→ **Supplied information**:
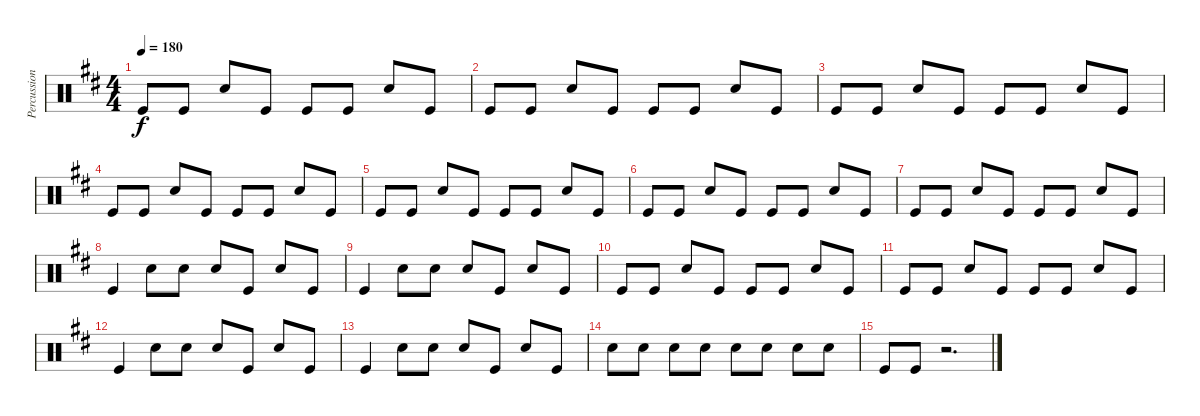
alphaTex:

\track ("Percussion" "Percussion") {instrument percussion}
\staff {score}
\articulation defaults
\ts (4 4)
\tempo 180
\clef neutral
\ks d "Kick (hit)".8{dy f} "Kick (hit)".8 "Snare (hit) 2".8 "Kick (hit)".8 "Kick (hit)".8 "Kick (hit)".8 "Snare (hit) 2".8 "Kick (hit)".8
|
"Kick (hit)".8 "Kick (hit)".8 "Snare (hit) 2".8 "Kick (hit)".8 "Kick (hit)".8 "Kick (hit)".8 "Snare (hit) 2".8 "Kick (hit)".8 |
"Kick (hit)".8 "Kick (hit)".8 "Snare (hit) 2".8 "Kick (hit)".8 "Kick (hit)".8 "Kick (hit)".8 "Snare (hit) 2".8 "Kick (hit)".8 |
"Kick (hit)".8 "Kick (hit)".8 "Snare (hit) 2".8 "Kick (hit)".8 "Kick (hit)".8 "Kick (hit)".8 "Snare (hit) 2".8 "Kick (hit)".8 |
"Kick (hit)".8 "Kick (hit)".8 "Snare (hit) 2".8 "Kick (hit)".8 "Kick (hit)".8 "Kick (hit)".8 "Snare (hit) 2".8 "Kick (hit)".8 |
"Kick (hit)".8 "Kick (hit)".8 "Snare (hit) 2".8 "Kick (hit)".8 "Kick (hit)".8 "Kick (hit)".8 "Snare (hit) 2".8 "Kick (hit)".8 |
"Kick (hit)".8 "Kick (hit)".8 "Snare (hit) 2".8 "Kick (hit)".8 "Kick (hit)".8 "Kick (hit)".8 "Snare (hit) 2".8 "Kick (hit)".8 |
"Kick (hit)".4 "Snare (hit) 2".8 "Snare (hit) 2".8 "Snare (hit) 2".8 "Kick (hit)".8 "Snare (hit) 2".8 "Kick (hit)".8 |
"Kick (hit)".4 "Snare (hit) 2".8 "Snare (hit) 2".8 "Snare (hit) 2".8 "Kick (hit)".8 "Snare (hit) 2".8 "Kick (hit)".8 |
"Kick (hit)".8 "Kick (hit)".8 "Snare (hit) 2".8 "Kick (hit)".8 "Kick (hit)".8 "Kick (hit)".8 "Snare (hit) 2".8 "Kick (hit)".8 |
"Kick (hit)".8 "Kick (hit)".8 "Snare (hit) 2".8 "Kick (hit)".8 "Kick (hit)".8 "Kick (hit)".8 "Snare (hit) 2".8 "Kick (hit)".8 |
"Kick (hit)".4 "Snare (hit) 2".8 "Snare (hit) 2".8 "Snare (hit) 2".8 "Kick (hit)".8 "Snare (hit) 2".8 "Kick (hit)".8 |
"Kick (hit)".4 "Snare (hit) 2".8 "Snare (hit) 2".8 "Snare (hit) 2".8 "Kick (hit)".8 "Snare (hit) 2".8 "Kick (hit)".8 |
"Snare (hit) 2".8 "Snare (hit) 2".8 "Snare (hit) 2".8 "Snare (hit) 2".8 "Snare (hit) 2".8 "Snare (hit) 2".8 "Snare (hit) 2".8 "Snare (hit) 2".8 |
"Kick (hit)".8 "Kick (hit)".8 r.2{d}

→ **Directions**: Output the listing exactly, pictures excluded.

→ **Response box**:
alphaTex:

\track ("Percussion" "Percussion") {instrument percussion}
\staff {score}
\articulation defaults
\ts (4 4)
\tempo 180
\clef neutral
\ks d "Kick (hit)".8{dy f} "Kick (hit)".8 "Snare (hit) 2".8 "Kick (hit)".8 "Kick (hit)".8 "Kick (hit)".8 "Snare (hit) 2".8 "Kick (hit)".8
|
"Kick (hit)".8 "Kick (hit)".8 "Snare (hit) 2".8 "Kick (hit)".8 "Kick (hit)".8 "Kick (hit)".8 "Snare (hit) 2".8 "Kick (hit)".8 |
"Kick (hit)".8 "Kick (hit)".8 "Snare (hit) 2".8 "Kick (hit)".8 "Kick (hit)".8 "Kick (hit)".8 "Snare (hit) 2".8 "Kick (hit)".8 |
"Kick (hit)".8 "Kick (hit)".8 "Snare (hit) 2".8 "Kick (hit)".8 "Kick (hit)".8 "Kick (hit)".8 "Snare (hit) 2".8 "Kick (hit)".8 |
"Kick (hit)".8 "Kick (hit)".8 "Snare (hit) 2".8 "Kick (hit)".8 "Kick (hit)".8 "Kick (hit)".8 "Snare (hit) 2".8 "Kick (hit)".8 |
"Kick (hit)".8 "Kick (hit)".8 "Snare (hit) 2".8 "Kick (hit)".8 "Kick (hit)".8 "Kick (hit)".8 "Snare (hit) 2".8 "Kick (hit)".8 |
"Kick (hit)".8 "Kick (hit)".8 "Snare (hit) 2".8 "Kick (hit)".8 "Kick (hit)".8 "Kick (hit)".8 "Snare (hit) 2".8 "Kick (hit)".8 |
"Kick (hit)".4 "Snare (hit) 2".8 "Snare (hit) 2".8 "Snare (hit) 2".8 "Kick (hit)".8 "Snare (hit) 2".8 "Kick (hit)".8 |
"Kick (hit)".4 "Snare (hit) 2".8 "Snare (hit) 2".8 "Snare (hit) 2".8 "Kick (hit)".8 "Snare (hit) 2".8 "Kick (hit)".8 |
"Kick (hit)".8 "Kick (hit)".8 "Snare (hit) 2".8 "Kick (hit)".8 "Kick (hit)".8 "Kick (hit)".8 "Snare (hit) 2".8 "Kick (hit)".8 |
"Kick (hit)".8 "Kick (hit)".8 "Snare (hit) 2".8 "Kick (hit)".8 "Kick (hit)".8 "Kick (hit)".8 "Snare (hit) 2".8 "Kick (hit)".8 |
"Kick (hit)".4 "Snare (hit) 2".8 "Snare (hit) 2".8 "Snare (hit) 2".8 "Kick (hit)".8 "Snare (hit) 2".8 "Kick (hit)".8 |
"Kick (hit)".4 "Snare (hit) 2".8 "Snare (hit) 2".8 "Snare (hit) 2".8 "Kick (hit)".8 "Snare (hit) 2".8 "Kick (hit)".8 |
"Snare (hit) 2".8 "Snare (hit) 2".8 "Snare (hit) 2".8 "Snare (hit) 2".8 "Snare (hit) 2".8 "Snare (hit) 2".8 "Snare (hit) 2".8 "Snare (hit) 2".8 |
"Kick (hit)".8 "Kick (hit)".8 r.2{d}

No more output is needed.